Подали зеленые щи с яйцом и кукурузным хлебом, а отчего-то во рту у всех стояла будто гречка с потрохами. В ушах жужжали мушки, селяне ели и настороженно переглядывались: кто заслужил явление чуда, кому было показано? Неужто всем? Так не бывает, только священник внушал гуцулам на проповеди, что любовью Всевышнего обласканы все люди, без исключения, но в простой жизни за вратами церкви все иначе: здесь стынут в ночи пьяницы на запусте и бабы плачут, закрываясь от стыда…
Но на крестинах все сидели с такими лицами, будто ничего дурного на свете и впрямь не бывает, стучали усердно ложками по тарелкам, и капли пота пахтою выступили на маслянистых лбах от бессловесной духоты.
По столу, меж зарослей рук и бутылей, пробегал солнечный зайчик. Он был искренен в своем молчании, но еще больше удивил нелюбимого Магдиного сына, когда заговорил с ним. «Отчего ты не ешь со всеми, Михайло», – обратился к нему одному солнечный зайчик. – «Или тебе не вкусна еда отца и матери?»

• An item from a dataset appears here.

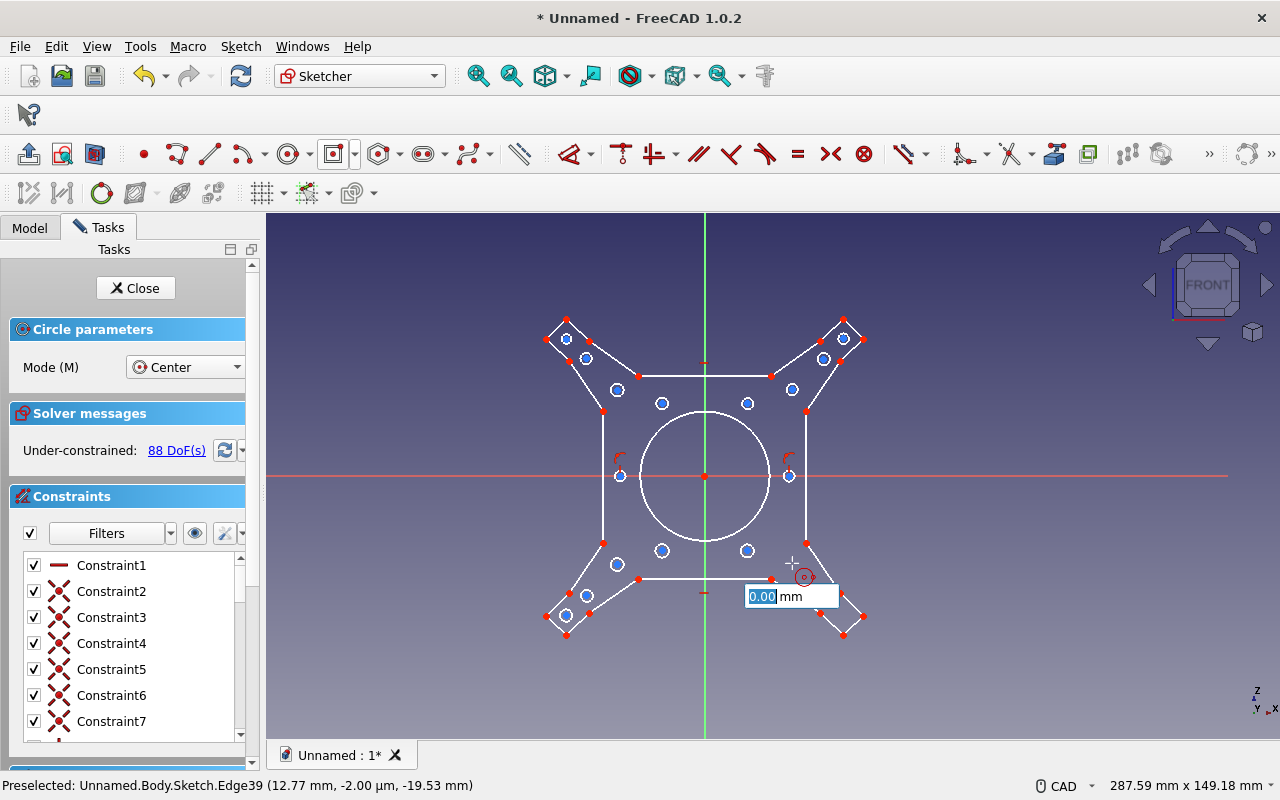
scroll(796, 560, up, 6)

У Магдиного сына задрожала ложка в руках, он спешно ее положил, но затряслась и губа. Он знал, что крестины – добрый праздник, на котором никому не положено плакать. И от того, что делать этого было никак нельзя, весь вдруг затрясся, словно бы подрубленная лесником березка. Ему начало казаться, что еще чуть-чуть, и все заметят, что с ним что-то не так, и что это что-то не имеет под собой никакой (для взрослых) причины и что за это его непременно отругают и выставят вон во двор, и мать больше всех будет на него обижаться, и никак ей не объяснишь, что он не нарочно и ни в чем перед ней не виноват. Магдин сын обхватил колени под столом, так, чтобы никто не видел, своими скукожившимися против воли пальцами, и принялся искать утешенье в чем угодно, но ласковый зайчик уж выпрыгнул в окно.
И тут взметнулась крылом и как-то беззвучно ахнула со стола белая скатерть.
Она поднялась промеж всех ввысь, так высоко, что зависла под самым скатом крыши, куда поднимался лишь дым от печи и трубки отца, и, может быть, мысль.
Скатерть казалась ему огромным барашком, заслонившим белым боком весь мир от него. Она была неуловима, как гаснущие утром звезды, а после перевернулась и перевернула собой все.
За ней, за скатертью, не оказалось совсем ничего. Было темно, но не как ночью, а будто бы тьмой колодца, безнадежной тьмой колодца. Магдин сын сидел в этой тьме тревожно, не в силах вздохнуть, сердце билось то часто, то замедлялось в неясном предчувствии. Темнота, разлившаяся кругом, была болезненной, что-то в нем стремилось к ней последними силами, а другое что-то, напротив, застыло, страшась и готовясь взвыть безбожно от страха.